• ACTIVITY: For every line below that includes the word "bounding", add one; report the final number and nothing else.

• DATA:
▽
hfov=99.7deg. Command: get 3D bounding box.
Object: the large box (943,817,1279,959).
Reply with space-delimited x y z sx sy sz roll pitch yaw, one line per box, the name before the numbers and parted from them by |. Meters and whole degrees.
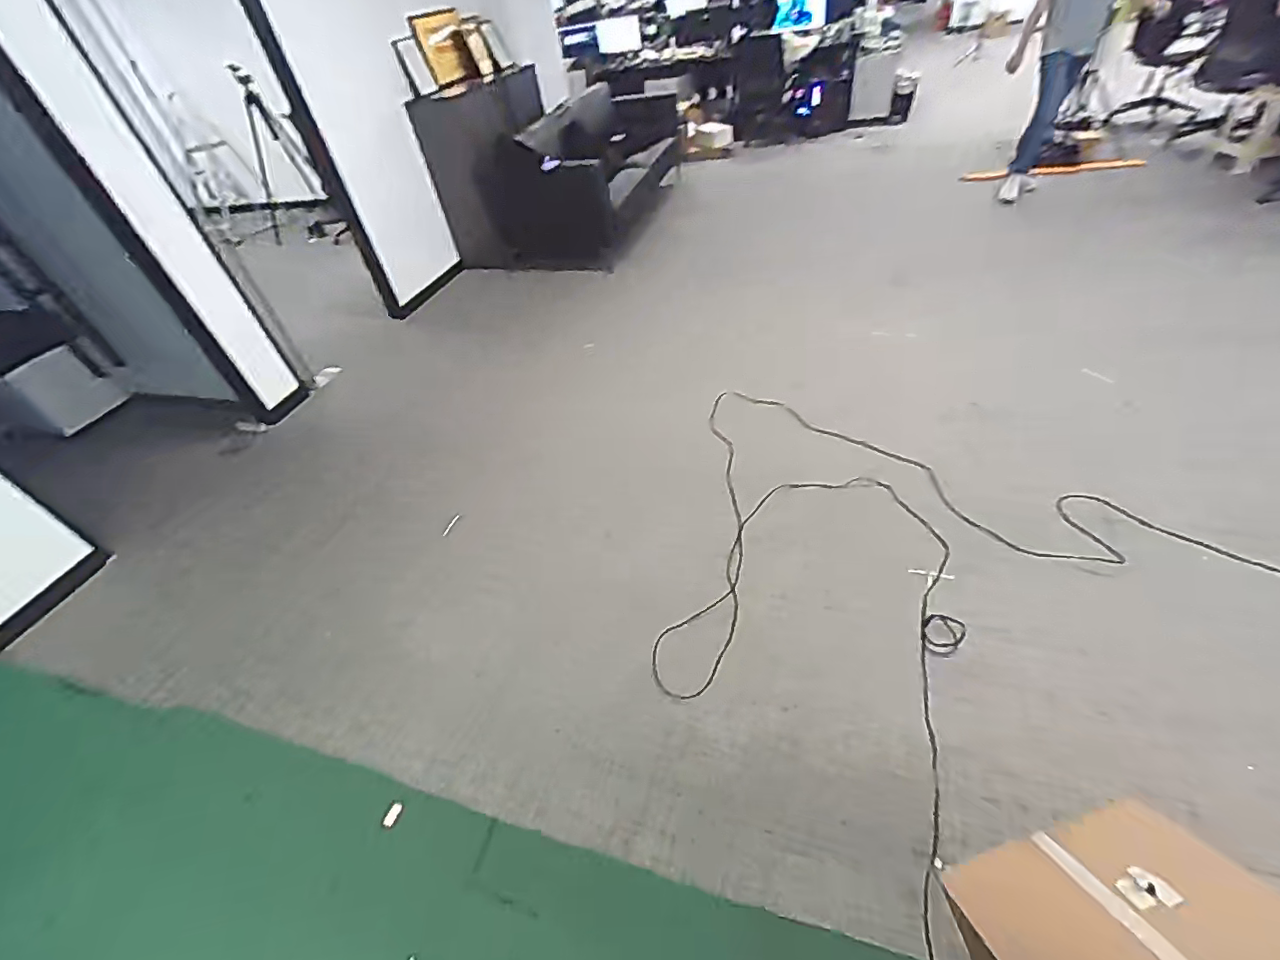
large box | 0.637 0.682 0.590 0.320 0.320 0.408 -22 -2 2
△
▽
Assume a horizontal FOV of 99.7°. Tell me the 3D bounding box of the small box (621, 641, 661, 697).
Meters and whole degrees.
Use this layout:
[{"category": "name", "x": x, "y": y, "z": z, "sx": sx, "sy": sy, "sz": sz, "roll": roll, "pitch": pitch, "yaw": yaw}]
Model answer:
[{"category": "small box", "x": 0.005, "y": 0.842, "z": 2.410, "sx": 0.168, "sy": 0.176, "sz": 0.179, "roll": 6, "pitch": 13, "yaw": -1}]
△
• COMPLETED EXERCISE: 2